Goal of the exercise » Write out the records below from the first line through the line containing "outline = (0.22, 2.7)", leaving out any pictures.

Data records:
%%

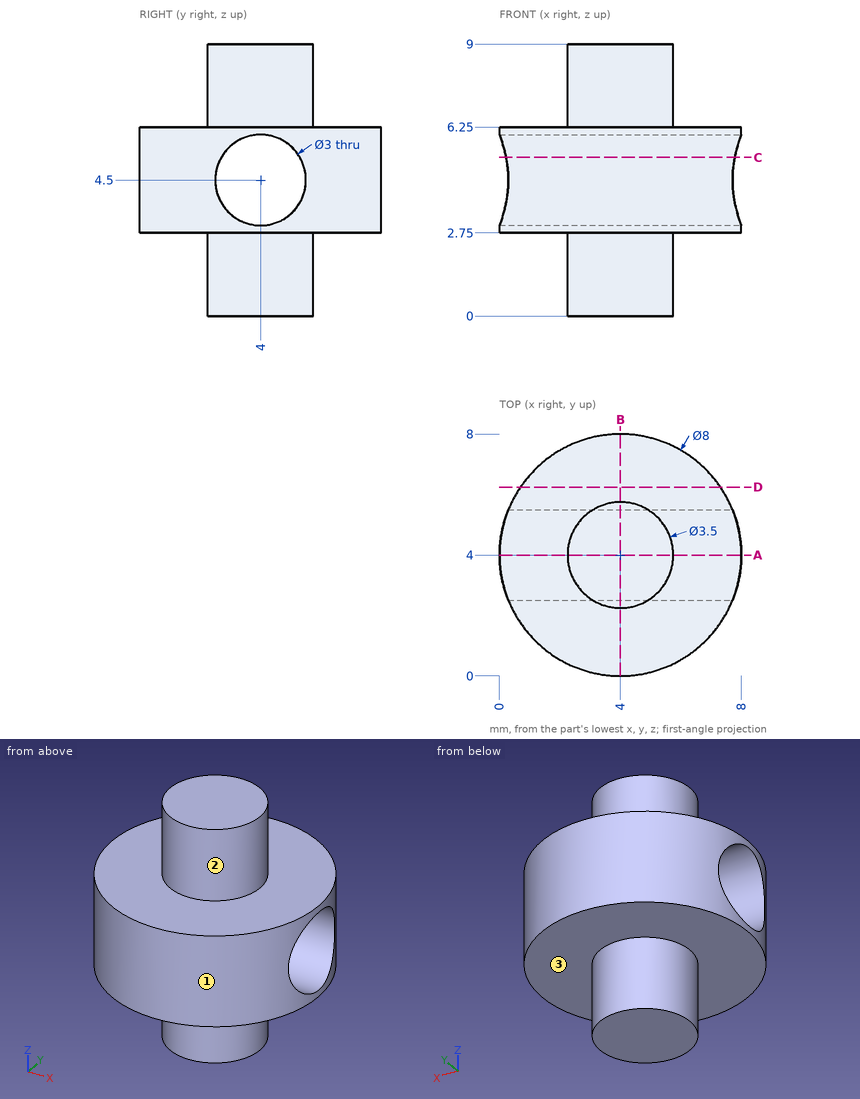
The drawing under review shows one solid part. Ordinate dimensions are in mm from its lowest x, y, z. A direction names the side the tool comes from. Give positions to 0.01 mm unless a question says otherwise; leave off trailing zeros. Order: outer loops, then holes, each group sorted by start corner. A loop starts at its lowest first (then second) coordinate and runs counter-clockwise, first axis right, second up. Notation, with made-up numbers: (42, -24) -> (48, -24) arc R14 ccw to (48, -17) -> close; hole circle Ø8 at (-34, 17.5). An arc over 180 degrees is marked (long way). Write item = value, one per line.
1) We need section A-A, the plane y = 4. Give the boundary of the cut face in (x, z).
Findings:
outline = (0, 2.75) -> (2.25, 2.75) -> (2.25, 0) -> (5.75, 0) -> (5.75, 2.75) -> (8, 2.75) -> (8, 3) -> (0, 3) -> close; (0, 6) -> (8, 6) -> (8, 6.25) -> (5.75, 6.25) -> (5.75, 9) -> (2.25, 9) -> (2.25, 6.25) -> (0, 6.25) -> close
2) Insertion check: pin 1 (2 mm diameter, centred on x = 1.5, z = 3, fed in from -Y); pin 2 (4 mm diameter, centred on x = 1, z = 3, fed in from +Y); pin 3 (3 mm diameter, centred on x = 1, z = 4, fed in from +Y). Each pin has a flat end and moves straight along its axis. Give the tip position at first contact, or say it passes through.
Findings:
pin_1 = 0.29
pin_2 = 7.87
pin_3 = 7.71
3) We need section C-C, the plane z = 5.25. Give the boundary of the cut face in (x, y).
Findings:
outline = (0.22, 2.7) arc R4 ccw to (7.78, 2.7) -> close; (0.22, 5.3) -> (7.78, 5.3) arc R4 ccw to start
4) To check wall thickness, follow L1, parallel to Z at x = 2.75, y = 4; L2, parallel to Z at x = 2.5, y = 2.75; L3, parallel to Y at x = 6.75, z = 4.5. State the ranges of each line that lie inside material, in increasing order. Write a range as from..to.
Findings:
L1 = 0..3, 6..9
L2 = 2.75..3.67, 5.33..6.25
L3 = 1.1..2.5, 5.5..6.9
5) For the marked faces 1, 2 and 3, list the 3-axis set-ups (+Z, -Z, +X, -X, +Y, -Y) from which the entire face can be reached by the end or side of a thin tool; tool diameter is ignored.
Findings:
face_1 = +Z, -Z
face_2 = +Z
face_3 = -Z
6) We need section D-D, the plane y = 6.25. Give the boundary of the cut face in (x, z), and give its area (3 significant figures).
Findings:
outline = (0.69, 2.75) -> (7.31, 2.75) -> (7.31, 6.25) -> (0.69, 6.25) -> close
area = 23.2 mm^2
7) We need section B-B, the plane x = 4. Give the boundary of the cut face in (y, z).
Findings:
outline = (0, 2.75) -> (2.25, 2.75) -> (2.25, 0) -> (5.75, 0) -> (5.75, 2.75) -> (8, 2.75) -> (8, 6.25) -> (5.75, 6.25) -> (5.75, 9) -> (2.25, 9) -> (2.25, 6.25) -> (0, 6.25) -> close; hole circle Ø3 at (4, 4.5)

%%

Reply to the exercise »
The drawing under review shows one solid part. Ordinate dimensions are in mm from its lowest x, y, z. A direction names the side the tool comes from. Give positions to 0.01 mm unless a question says otherwise; leave off trailing zeros. Order: outer loops, then holes, each group sorted by start corner. A loop starts at its lowest first (then second) coordinate and runs counter-clockwise, first axis right, second up. Notation, with made-up numbers: (42, -24) -> (48, -24) arc R14 ccw to (48, -17) -> close; hole circle Ø8 at (-34, 17.5). An arc over 180 degrees is marked (long way). Write item = value, one per line.
1) We need section A-A, the plane y = 4. Give the boundary of the cut face in (x, z).
Findings:
outline = (0, 2.75) -> (2.25, 2.75) -> (2.25, 0) -> (5.75, 0) -> (5.75, 2.75) -> (8, 2.75) -> (8, 3) -> (0, 3) -> close; (0, 6) -> (8, 6) -> (8, 6.25) -> (5.75, 6.25) -> (5.75, 9) -> (2.25, 9) -> (2.25, 6.25) -> (0, 6.25) -> close
2) Insertion check: pin 1 (2 mm diameter, centred on x = 1.5, z = 3, fed in from -Y); pin 2 (4 mm diameter, centred on x = 1, z = 3, fed in from +Y); pin 3 (3 mm diameter, centred on x = 1, z = 4, fed in from +Y). Each pin has a flat end and moves straight along its axis. Give the tip position at first contact, or say it passes through.
Findings:
pin_1 = 0.29
pin_2 = 7.87
pin_3 = 7.71
3) We need section C-C, the plane z = 5.25. Give the boundary of the cut face in (x, y).
Findings:
outline = (0.22, 2.7) arc R4 ccw to (7.78, 2.7) -> close; (0.22, 5.3) -> (7.78, 5.3) arc R4 ccw to start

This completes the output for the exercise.